▶ [What to produce]
Could you count the lines in the data that contain "undercut"? Reply with the number only.

Saved data entries:

=== Begin Enclosure ===

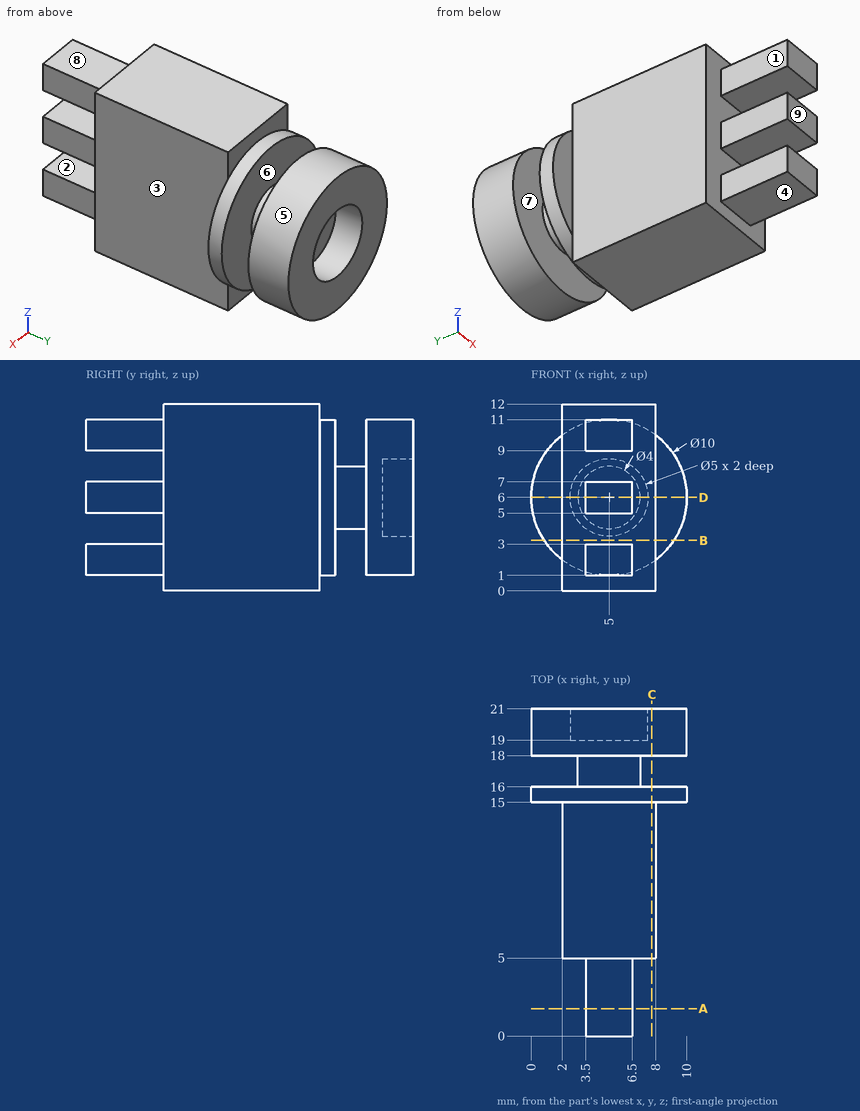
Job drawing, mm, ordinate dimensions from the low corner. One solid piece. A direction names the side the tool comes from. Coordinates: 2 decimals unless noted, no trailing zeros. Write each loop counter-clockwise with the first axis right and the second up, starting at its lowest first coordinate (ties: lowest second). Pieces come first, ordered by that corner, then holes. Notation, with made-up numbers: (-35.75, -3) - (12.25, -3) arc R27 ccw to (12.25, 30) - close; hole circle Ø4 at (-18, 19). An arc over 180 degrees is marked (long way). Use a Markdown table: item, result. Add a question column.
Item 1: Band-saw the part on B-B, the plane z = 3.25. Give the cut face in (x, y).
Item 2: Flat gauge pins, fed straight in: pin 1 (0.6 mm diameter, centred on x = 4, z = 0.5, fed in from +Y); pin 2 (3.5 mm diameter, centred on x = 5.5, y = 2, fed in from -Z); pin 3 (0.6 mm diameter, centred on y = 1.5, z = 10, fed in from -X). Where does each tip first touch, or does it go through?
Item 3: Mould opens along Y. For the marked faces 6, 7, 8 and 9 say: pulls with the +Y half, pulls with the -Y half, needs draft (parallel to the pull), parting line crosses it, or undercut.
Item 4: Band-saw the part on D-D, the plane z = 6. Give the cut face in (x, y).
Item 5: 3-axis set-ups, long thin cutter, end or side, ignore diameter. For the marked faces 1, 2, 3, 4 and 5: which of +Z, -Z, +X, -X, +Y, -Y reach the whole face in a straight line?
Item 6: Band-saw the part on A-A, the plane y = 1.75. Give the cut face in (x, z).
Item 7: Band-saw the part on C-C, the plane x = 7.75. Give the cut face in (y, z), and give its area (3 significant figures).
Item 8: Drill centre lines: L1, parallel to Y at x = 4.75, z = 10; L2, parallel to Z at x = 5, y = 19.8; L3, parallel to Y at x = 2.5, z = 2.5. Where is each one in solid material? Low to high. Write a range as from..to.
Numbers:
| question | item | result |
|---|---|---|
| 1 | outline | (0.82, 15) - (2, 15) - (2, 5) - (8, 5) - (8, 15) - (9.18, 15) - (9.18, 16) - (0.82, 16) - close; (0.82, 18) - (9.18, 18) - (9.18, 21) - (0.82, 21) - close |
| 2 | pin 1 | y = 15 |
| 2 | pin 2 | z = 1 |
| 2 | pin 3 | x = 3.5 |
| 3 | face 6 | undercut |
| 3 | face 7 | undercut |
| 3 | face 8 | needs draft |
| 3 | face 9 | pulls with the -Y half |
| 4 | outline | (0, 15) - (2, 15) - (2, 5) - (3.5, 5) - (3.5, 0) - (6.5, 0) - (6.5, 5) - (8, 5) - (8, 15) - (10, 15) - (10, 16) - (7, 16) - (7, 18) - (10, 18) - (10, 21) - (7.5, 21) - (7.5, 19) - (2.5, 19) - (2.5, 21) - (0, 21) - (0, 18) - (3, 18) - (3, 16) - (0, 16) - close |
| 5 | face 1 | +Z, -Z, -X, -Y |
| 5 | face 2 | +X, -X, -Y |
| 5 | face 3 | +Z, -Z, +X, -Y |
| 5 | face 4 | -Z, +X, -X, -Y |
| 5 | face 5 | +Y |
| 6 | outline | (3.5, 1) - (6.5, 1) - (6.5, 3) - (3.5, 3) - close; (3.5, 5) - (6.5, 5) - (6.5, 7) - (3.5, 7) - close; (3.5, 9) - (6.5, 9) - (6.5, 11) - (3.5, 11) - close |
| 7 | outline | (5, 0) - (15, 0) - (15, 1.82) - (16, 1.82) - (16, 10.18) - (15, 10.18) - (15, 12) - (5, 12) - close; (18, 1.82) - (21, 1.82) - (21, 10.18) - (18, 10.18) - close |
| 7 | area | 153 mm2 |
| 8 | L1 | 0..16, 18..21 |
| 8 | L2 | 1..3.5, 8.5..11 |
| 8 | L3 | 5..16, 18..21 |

=== End Enclosure ===
=== Begin Enclosure ===

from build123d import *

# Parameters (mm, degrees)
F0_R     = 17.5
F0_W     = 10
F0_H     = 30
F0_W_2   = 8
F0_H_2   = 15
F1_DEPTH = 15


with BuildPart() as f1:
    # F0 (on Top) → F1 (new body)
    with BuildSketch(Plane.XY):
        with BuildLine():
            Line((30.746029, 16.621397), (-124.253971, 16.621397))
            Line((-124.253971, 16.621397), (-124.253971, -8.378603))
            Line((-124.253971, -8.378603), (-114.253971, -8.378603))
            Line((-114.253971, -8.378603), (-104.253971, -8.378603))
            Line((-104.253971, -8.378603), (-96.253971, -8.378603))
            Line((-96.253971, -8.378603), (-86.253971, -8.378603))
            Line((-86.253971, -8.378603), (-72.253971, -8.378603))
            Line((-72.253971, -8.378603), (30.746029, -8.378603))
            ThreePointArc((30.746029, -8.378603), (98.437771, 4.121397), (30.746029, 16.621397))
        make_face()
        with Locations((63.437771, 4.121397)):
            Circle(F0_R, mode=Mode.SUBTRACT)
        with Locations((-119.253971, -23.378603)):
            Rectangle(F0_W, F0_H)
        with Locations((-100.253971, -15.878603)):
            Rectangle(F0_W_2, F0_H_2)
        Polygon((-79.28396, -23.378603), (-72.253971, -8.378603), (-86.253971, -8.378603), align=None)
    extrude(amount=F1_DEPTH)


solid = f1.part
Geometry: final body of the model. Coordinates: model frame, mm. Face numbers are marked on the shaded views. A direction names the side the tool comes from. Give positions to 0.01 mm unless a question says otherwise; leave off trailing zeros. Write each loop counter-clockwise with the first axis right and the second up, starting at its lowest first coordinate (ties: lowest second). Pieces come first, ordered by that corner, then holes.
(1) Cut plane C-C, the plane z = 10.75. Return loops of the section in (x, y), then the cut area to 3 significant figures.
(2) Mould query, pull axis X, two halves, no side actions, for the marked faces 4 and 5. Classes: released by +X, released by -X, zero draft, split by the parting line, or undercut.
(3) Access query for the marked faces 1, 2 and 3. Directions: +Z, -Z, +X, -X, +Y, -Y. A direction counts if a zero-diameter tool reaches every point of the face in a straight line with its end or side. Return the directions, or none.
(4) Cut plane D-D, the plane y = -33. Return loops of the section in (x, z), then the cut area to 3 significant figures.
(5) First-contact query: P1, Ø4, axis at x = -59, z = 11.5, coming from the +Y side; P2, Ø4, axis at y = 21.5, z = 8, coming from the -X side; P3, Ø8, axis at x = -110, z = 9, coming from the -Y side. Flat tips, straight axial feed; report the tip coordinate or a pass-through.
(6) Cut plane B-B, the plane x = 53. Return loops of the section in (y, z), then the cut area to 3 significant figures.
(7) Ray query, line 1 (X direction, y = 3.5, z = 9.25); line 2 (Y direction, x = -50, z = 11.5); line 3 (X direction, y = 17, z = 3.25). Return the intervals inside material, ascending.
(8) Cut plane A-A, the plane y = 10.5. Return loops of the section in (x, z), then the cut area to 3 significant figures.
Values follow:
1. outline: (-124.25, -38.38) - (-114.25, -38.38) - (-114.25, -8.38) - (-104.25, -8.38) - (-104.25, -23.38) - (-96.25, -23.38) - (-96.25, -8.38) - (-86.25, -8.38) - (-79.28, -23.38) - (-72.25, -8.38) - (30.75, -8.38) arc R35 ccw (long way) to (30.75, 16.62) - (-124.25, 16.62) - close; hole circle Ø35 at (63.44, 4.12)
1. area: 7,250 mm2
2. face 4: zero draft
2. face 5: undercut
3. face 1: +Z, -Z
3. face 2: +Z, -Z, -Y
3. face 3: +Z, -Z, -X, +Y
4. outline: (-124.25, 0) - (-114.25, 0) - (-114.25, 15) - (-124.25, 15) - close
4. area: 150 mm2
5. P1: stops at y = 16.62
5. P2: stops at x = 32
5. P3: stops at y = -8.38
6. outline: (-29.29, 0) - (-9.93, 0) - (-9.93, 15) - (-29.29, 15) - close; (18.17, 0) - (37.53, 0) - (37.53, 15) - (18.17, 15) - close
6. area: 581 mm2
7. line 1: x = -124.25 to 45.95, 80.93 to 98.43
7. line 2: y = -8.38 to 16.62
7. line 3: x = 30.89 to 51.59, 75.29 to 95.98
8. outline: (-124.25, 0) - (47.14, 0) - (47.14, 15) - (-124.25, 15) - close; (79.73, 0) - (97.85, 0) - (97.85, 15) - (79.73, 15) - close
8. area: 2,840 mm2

=== End Enclosure ===

▶ [Output of the exercise]
5